がデフォルトということは分かったが、結局いつclientにacknowledgeが返るかのデフォルトがわからない。

Since replicas can be offline, the primary is not required to replicate to all replicas. Instead, Elasticsearch maintains a list of shard copies that should receive the operation. This list is called the in-sync copies and is maintained by the master node. As the name implies, these are the set of "good" shard copies that are guaranteed to have processed all of the index and delete operations that have been acknowledged to the user.

3. Forward the operation to each replica in the current in-sync copies set. If there are multiple replicas, this is done in parallel.
4. Once all replicas have successfully performed the operation and responded to the primary, the primary acknowledges the successful completion of the request to the client.

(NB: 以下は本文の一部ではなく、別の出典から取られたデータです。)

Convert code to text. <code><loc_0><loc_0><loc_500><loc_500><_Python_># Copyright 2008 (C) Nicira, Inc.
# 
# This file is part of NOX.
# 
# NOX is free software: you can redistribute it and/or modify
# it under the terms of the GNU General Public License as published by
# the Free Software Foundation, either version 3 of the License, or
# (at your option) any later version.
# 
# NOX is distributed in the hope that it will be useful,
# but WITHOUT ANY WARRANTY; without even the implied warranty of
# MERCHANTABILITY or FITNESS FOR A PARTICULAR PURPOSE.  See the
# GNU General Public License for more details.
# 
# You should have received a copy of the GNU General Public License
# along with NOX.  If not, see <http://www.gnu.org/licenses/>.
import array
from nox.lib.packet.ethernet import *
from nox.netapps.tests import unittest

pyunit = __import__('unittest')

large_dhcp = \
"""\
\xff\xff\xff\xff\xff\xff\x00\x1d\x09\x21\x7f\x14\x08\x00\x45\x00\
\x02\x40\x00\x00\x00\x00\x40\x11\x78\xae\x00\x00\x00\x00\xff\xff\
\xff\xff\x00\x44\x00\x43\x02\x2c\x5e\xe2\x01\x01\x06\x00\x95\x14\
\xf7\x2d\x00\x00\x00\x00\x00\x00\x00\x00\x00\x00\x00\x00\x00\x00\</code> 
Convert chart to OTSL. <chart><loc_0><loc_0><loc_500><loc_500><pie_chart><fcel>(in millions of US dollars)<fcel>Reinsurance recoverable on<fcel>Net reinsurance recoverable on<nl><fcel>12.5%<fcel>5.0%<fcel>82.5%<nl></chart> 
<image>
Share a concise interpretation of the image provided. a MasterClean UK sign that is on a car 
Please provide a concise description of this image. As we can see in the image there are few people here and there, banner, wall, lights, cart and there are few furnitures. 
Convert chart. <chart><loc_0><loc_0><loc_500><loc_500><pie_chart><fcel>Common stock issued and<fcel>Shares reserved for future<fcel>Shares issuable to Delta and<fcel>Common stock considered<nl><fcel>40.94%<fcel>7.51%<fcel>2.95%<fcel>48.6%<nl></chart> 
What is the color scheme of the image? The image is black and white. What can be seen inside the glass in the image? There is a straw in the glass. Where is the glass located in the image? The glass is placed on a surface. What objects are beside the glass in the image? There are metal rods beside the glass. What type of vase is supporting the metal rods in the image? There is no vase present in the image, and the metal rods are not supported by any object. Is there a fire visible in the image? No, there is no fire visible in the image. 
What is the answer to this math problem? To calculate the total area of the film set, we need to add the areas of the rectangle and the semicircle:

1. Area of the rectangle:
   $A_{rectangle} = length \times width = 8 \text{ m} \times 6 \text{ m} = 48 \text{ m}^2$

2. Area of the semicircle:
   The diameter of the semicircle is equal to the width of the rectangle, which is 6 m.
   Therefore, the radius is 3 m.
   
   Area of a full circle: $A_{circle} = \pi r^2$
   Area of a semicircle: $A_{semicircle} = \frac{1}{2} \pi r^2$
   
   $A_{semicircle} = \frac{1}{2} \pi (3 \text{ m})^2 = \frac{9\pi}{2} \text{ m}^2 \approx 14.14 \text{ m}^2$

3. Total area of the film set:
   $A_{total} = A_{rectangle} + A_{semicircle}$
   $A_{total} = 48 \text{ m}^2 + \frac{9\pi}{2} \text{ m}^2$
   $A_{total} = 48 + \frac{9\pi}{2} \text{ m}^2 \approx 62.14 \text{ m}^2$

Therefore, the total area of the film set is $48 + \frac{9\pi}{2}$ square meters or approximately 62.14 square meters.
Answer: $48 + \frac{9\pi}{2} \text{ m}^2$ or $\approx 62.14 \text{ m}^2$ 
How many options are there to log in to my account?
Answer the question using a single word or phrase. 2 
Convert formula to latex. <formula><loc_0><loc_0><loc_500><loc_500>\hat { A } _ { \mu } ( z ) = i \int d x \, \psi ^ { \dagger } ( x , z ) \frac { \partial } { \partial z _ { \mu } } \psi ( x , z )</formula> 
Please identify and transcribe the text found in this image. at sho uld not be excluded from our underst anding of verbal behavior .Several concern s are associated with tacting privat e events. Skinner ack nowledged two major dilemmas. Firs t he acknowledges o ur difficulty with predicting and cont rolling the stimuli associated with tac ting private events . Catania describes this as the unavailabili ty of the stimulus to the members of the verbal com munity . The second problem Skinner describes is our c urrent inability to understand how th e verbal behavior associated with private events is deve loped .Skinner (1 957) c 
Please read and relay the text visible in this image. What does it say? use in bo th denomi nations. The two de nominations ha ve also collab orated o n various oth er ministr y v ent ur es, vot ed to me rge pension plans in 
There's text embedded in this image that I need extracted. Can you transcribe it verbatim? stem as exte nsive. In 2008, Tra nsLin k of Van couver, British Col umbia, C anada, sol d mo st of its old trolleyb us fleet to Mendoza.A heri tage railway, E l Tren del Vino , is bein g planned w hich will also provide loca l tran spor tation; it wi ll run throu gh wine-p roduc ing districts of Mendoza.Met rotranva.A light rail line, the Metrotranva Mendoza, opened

https://www.elastic.co/guide/en/elasticsearch/reference/7.3/docs-replication.html#_basic_write_model

ふわっとしているが全てのin-sync copies上でindexingが終わって始めてclientにacknowledgeが返るように読める。MongoDBでいうところのなんだ?


Stennie氏はStack OverflowのMongoDBトピックで個人的に信頼のおける方。曰く、MongoDBにおいてw: allのようなwrite concernはない。強い一貫性を求める場合、read preferenceをprimary(デフォルト)とし、write concernをmajorityとするとのこと。なるほど。言われてみれば当たり前だがwrite/readを同時に考えずにreplicationを語ることはできないと気がついた。

ここまで読んでreplicationに対する理解が圧倒的に弱いことがわかったので、別の本へ移動。